Full transparency: Aunt Ruth drives a Prius, but—in opposition to what many a pundit has suggested—that doesn’t make her think she’s better than you, nor does it send you a signal of who she is or who she purports to be. If it was once a status symbol, then a target of road rage and now a cultural cliché … well, whatever. Auntie Ruth drives one. With pride.
The accusations of snobbery were culled from polling of Prius owners, so they were probably earned. You could see the backlash coming during Obama’s ’08 run for the presidency. Machinist union pres Tom Buffenbarger endorsed Hillary Clinton while bashing Obama’s supporters as “latte-drinking, Prius-driving, Birkenstock-wearing, trust-fund babies.” At which time Auntie Ruth thought, “Damn, I’ve got the latte, the Birkenstocks and the Prius … but what I could really use is some trust fund, baby.”
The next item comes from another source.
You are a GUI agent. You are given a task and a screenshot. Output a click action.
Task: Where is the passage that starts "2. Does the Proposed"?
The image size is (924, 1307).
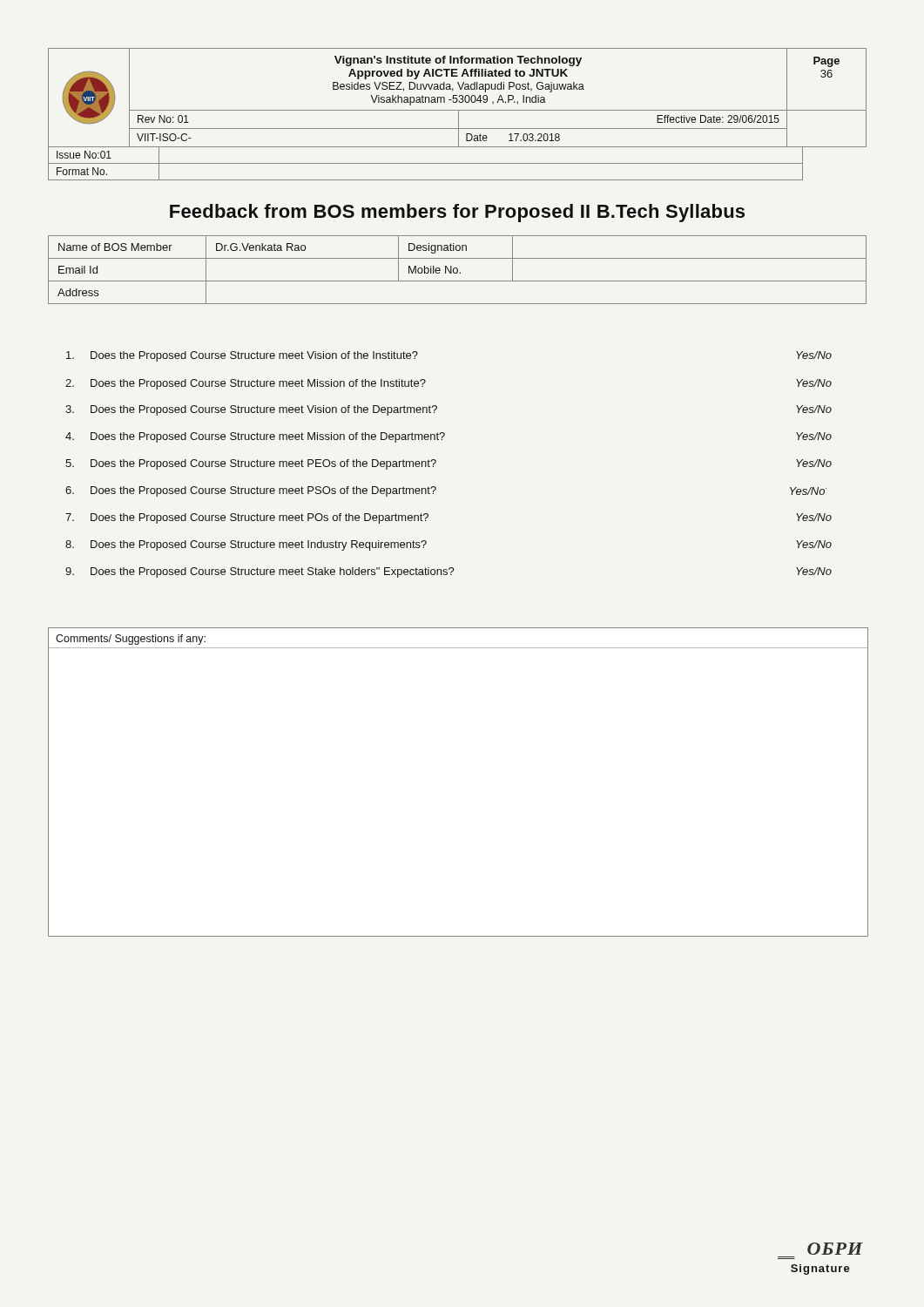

The Toyota Prius went on sale in Japan in ’97 and in the States in ’01. It hit the 1 million mark, worldwide, in ’07 and passed 3 million in worldwide sales in February of this year, with a third of those being sold in America, according to Fast Company. Comparatively, the Toyota Camry passed the 10 million mark back in ’05—and Toyota sold 7.8 million cars worldwide in ’09 alone.
Ruthie bought it used from a Sacramento guy who had two of them. How he loved the Prius he sold Aunt Ruth (it was his first; she can still remember how wistful he looked as we drove off).
In these times of A.J. (After Jobs), when the beauty of Apple products is all the chitty-chat, Prius nestles into that paradigm rather neatly: It’s one smart little car. It’s not the fastest—while Al Gore’s kid got it up to 100 mph, he was on drugs at the time, and you’d have to be—and its looks aren’t everybody’s definition of foxy. But it’s taught Auntie Ruth how to drive more intelligently. And—oh, yeah—saved her a lot of gas money.
True, in Sweden, where hybirds are legion, gas emissions are actually up—hybirds save money on gas and people drive them more (this according to Common Dreams). Pious is as Prius does; may America wrestle with the same problem by and by.